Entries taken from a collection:
───
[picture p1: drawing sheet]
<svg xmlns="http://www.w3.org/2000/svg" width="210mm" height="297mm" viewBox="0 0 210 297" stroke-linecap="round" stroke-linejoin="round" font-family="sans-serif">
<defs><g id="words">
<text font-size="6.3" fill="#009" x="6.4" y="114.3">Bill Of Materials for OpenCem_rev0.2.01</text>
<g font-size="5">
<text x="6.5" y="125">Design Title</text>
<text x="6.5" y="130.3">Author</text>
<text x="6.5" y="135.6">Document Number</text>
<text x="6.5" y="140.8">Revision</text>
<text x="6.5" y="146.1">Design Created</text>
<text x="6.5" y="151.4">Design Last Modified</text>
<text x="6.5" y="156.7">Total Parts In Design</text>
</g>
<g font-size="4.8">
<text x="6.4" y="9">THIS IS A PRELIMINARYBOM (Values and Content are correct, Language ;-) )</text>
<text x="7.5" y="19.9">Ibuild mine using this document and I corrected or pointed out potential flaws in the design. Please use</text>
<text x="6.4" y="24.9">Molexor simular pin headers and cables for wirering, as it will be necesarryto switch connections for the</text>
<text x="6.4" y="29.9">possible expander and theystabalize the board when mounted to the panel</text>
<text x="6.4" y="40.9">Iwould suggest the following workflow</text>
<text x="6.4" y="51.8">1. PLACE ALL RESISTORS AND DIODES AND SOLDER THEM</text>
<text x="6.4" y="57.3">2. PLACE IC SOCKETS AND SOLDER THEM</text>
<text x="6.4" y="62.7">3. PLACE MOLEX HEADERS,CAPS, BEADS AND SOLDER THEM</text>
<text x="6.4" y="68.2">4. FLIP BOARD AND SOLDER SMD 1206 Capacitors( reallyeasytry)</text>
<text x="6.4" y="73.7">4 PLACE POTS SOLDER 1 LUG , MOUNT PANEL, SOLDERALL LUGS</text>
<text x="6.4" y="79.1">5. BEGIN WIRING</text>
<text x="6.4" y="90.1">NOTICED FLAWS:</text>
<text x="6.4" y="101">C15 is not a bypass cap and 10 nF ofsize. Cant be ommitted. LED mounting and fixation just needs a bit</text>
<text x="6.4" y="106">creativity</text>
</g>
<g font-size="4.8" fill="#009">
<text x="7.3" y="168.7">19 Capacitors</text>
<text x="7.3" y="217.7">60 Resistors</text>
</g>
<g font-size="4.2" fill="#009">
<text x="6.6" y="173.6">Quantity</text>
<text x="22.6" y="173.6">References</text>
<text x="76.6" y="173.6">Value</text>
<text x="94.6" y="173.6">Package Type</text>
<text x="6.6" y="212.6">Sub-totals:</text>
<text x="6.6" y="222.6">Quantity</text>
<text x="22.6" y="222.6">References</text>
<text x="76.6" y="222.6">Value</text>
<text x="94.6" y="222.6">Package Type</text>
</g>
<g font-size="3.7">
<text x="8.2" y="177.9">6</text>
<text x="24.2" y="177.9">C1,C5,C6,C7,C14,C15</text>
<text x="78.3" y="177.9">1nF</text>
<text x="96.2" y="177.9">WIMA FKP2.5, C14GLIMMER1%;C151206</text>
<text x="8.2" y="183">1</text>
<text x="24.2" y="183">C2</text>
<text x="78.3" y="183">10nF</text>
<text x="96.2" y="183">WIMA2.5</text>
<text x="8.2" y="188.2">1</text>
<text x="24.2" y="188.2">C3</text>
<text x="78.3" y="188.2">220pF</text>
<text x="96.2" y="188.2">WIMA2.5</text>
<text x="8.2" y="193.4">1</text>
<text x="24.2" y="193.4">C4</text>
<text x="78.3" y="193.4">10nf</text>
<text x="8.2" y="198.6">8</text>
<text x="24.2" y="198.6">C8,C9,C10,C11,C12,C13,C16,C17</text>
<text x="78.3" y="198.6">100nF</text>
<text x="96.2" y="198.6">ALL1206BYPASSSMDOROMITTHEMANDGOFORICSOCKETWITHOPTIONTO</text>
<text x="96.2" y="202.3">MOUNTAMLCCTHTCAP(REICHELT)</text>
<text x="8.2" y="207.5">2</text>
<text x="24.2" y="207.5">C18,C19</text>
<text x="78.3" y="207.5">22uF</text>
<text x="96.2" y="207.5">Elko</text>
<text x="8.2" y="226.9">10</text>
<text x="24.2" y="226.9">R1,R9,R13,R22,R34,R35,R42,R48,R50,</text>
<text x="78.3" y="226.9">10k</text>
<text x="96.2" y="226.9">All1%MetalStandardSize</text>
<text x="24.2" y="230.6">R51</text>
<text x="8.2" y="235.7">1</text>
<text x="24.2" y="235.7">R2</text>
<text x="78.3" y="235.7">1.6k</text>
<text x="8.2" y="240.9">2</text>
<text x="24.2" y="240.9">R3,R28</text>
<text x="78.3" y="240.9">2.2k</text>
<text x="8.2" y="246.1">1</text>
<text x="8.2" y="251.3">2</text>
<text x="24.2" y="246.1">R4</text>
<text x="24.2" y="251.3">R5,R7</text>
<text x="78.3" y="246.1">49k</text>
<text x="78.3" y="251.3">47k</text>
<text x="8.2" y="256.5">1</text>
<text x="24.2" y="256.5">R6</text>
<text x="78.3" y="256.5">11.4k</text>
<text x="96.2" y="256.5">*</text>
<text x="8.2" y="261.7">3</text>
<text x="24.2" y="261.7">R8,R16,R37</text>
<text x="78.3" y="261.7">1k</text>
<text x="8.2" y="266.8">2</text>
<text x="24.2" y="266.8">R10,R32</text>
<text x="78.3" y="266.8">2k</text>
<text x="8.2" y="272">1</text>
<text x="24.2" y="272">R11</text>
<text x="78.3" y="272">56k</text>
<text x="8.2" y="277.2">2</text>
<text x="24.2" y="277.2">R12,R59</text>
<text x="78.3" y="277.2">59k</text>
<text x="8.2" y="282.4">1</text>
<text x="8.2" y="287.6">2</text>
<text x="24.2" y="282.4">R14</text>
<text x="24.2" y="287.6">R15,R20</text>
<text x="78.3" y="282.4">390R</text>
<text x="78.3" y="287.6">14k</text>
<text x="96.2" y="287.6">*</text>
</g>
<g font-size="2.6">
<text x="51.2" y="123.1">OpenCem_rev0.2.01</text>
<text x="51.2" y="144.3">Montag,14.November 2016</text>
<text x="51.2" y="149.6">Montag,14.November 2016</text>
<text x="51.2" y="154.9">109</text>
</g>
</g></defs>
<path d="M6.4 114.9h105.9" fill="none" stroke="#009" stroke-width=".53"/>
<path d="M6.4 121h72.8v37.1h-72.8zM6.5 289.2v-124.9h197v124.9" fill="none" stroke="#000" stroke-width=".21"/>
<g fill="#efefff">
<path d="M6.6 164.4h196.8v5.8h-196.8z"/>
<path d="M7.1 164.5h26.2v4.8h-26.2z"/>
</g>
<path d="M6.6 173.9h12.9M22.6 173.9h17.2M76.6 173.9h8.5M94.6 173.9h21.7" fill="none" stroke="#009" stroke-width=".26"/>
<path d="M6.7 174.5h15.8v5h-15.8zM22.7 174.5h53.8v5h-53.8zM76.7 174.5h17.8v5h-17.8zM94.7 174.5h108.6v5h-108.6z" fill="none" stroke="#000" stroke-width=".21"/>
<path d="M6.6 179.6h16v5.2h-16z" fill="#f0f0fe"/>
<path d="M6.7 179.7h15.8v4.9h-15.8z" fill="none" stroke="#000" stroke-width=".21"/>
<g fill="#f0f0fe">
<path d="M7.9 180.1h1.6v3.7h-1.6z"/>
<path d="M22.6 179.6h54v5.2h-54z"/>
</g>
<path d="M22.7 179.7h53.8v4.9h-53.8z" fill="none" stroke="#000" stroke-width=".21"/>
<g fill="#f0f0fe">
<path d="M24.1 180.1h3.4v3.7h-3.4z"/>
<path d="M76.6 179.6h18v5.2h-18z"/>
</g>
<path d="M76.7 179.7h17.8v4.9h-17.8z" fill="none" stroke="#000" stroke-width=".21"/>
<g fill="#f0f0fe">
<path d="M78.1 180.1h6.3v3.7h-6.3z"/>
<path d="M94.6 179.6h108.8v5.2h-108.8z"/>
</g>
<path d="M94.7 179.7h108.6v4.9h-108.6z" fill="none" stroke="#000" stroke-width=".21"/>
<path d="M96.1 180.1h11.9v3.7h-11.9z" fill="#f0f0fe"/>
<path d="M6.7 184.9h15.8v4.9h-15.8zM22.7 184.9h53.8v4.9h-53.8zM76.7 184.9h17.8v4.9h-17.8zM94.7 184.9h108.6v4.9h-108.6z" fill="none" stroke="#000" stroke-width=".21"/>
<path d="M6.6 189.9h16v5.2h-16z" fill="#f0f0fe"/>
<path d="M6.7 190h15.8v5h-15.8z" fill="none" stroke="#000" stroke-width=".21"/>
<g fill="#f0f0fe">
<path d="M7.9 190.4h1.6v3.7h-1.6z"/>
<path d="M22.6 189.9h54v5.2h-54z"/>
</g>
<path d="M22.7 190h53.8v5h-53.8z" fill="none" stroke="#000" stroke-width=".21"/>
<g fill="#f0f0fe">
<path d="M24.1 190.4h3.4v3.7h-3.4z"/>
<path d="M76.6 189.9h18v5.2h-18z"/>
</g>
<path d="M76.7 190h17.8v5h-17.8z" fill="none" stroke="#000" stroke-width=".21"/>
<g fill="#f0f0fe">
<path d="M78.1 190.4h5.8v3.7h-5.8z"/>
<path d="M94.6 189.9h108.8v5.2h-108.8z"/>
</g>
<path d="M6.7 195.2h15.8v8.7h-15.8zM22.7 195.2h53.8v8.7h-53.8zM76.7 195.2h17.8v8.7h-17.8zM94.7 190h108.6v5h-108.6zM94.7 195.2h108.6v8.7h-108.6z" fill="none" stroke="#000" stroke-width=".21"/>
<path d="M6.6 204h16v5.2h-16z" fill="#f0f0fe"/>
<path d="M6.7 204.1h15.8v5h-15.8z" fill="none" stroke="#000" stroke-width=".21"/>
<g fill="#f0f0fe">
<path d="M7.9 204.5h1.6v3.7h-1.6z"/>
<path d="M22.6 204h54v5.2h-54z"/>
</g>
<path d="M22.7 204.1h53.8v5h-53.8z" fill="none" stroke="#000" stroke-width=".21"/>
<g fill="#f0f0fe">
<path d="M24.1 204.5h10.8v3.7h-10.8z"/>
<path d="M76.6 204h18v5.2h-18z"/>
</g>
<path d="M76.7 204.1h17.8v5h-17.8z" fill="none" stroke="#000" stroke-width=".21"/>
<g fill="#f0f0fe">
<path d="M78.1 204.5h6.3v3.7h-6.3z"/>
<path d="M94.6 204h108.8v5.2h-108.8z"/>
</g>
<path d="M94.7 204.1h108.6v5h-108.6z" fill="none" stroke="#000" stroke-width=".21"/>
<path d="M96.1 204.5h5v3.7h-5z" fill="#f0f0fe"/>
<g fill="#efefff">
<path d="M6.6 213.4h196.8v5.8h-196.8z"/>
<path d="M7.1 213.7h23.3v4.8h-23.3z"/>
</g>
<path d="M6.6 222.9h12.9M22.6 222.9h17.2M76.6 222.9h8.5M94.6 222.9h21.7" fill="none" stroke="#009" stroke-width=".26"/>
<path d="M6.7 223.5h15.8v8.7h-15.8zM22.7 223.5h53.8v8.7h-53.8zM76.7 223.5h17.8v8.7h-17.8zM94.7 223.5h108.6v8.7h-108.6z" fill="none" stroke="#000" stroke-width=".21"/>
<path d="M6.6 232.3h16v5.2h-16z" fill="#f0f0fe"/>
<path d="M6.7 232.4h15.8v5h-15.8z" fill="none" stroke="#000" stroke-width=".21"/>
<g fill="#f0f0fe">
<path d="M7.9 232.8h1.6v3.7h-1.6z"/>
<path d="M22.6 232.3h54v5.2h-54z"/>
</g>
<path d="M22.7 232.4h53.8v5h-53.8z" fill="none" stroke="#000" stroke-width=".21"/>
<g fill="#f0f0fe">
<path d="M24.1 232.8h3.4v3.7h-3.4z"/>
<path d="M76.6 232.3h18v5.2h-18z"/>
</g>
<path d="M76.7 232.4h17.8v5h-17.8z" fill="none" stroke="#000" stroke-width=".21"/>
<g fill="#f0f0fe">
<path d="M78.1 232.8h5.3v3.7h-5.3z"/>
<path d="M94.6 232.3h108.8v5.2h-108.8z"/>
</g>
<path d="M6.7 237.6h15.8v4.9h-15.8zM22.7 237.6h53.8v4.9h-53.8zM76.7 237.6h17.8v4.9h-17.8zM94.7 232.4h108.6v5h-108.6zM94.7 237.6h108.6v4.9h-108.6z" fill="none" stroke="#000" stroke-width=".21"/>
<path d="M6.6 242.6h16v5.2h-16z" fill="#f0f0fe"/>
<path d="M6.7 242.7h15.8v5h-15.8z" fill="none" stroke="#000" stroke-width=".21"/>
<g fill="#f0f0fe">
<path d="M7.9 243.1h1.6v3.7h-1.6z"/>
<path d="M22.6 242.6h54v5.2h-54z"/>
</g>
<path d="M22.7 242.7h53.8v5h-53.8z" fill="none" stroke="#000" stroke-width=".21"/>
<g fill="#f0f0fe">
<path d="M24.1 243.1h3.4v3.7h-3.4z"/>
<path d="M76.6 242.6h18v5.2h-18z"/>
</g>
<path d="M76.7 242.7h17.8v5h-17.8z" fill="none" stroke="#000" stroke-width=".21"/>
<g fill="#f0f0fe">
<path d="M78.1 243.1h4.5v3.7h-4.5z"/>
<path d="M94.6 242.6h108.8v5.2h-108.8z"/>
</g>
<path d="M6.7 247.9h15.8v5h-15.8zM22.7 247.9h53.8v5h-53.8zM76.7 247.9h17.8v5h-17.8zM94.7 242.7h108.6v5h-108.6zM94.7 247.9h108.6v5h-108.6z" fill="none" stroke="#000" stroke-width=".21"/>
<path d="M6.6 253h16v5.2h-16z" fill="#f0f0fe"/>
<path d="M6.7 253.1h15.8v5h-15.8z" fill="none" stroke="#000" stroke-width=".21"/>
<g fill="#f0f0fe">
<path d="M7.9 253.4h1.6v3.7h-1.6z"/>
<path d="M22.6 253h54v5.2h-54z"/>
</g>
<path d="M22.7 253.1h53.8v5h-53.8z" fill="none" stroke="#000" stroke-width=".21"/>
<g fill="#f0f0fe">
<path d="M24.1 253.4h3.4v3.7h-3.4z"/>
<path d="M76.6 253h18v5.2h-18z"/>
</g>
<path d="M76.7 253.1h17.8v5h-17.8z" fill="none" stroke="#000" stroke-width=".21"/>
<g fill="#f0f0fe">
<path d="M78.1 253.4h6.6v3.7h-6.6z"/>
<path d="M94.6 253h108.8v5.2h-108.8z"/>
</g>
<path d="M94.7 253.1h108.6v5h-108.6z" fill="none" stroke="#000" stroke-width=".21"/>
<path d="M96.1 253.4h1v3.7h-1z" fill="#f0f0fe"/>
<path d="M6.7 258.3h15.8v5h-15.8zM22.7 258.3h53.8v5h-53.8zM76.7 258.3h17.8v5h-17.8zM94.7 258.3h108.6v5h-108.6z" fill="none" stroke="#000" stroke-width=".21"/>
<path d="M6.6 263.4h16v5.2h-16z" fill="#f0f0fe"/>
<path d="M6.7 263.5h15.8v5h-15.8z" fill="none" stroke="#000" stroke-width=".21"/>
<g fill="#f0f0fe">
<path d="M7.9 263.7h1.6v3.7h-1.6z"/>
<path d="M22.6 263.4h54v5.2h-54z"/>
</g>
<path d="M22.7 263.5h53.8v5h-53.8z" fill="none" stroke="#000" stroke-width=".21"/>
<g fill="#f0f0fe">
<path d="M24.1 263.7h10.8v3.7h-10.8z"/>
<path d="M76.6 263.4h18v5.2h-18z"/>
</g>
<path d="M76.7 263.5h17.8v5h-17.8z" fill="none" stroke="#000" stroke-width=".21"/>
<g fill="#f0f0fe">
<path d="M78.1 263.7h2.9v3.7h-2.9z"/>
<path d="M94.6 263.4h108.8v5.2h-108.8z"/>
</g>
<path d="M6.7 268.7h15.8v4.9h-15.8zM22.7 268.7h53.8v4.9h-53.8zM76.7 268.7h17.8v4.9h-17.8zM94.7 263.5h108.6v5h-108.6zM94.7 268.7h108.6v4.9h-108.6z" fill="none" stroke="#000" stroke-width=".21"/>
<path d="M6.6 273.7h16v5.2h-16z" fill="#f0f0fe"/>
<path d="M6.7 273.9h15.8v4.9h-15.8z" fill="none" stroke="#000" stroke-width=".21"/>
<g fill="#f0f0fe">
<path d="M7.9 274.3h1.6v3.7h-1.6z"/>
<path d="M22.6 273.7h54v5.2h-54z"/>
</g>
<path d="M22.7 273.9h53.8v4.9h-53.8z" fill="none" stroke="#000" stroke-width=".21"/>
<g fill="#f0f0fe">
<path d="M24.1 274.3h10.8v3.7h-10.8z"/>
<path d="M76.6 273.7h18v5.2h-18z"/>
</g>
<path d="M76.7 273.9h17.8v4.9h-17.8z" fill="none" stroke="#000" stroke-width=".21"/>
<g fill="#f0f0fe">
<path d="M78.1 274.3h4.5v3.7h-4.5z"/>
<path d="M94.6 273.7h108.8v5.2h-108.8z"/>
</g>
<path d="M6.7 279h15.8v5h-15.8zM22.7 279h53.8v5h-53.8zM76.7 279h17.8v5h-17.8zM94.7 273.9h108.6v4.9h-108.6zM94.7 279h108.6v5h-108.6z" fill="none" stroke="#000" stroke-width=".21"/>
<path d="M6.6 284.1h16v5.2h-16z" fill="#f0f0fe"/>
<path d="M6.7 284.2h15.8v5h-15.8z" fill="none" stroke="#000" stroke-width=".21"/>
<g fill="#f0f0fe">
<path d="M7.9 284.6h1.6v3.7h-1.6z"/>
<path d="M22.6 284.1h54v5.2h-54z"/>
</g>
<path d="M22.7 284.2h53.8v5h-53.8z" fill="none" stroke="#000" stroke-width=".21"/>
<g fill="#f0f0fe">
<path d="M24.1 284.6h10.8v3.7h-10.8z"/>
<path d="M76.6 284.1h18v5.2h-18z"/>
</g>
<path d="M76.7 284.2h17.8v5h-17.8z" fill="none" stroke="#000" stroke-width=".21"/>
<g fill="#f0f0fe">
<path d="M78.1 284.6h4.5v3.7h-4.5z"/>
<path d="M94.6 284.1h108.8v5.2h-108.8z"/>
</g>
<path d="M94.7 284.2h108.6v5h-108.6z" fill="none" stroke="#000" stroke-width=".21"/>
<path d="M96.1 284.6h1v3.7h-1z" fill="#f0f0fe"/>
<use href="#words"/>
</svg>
───
• **Exercise aim**
Starting at the line above that holds "</g></defs>" and ending at the line that holds "173.9h12.9M22.6 173.9h17.2M76.6 173.9h8.5M94.6", transcribe each line exactly and include no other lines.

• **Task answer**
</g></defs>
<path d="M6.4 114.9h105.9" fill="none" stroke="#009" stroke-width=".53"/>
<path d="M6.4 121h72.8v37.1h-72.8zM6.5 289.2v-124.9h197v124.9" fill="none" stroke="#000" stroke-width=".21"/>
<g fill="#efefff">
<path d="M6.6 164.4h196.8v5.8h-196.8z"/>
<path d="M7.1 164.5h26.2v4.8h-26.2z"/>
</g>
<path d="M6.6 173.9h12.9M22.6 173.9h17.2M76.6 173.9h8.5M94.6 173.9h21.7" fill="none" stroke="#009" stroke-width=".26"/>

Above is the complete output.